### Work instruction
All of the data should be restated word for word, with the pictures omitted.
>>>>
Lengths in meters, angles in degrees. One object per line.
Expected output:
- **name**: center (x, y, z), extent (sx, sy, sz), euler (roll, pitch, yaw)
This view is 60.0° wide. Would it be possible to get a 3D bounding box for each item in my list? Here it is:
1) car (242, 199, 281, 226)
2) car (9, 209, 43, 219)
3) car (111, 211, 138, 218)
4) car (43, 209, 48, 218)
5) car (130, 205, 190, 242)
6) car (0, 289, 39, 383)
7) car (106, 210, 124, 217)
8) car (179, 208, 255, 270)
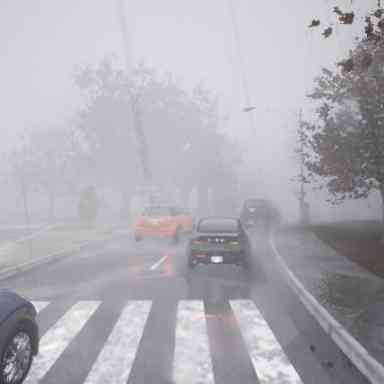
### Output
- **car**: center (5.747, 1.677, 27.352), extent (2.150, 2.045, 5.566), euler (-2, -4, 26)
- **car**: center (-25.857, 3.433, 51.299), extent (1.882, 1.535, 5.008), euler (-1, -4, 14)
- **car**: center (-14.014, 4.618, 69.129), extent (5.357, 1.411, 2.033), euler (1, -4, -18)
- **car**: center (-27.298, 3.682, 57.284), extent (2.097, 1.767, 4.553), euler (-2, -4, 28)
- **car**: center (-1.240, 1.409, 16.851), extent (2.097, 1.767, 4.553), euler (-1, 0, 11)
- **car**: center (-3.036, 1.358, 2.402), extent (2.097, 1.767, 4.553), euler (0, 0, 2)
- **car**: center (-14.358, 4.349, 65.562), extent (4.902, 1.511, 2.128), euler (1, -4, -21)
- **car**: center (0.988, 1.516, 11.121), extent (1.837, 1.490, 4.892), euler (-1, 0, 8)
<<<<
### Solution to this task
Lengths in meters, angles in degrees. One object per line.
Expected output:
- **name**: center (x, y, z), extent (sx, sy, sz), euler (roll, pitch, yaw)
This view is 60.0° wide. Would it be possible to get a 3D bounding box for each item in my list? Here it is:
1) car (242, 199, 281, 226)
2) car (9, 209, 43, 219)
3) car (111, 211, 138, 218)
4) car (43, 209, 48, 218)
5) car (130, 205, 190, 242)
6) car (0, 289, 39, 383)
7) car (106, 210, 124, 217)
8) car (179, 208, 255, 270)
### Output
- **car**: center (5.747, 1.677, 27.352), extent (2.150, 2.045, 5.566), euler (-2, -4, 26)
- **car**: center (-25.857, 3.433, 51.299), extent (1.882, 1.535, 5.008), euler (-1, -4, 14)
- **car**: center (-14.014, 4.618, 69.129), extent (5.357, 1.411, 2.033), euler (1, -4, -18)
- **car**: center (-27.298, 3.682, 57.284), extent (2.097, 1.767, 4.553), euler (-2, -4, 28)
- **car**: center (-1.240, 1.409, 16.851), extent (2.097, 1.767, 4.553), euler (-1, 0, 11)
- **car**: center (-3.036, 1.358, 2.402), extent (2.097, 1.767, 4.553), euler (0, 0, 2)
- **car**: center (-14.358, 4.349, 65.562), extent (4.902, 1.511, 2.128), euler (1, -4, -21)
- **car**: center (0.988, 1.516, 11.121), extent (1.837, 1.490, 4.892), euler (-1, 0, 8)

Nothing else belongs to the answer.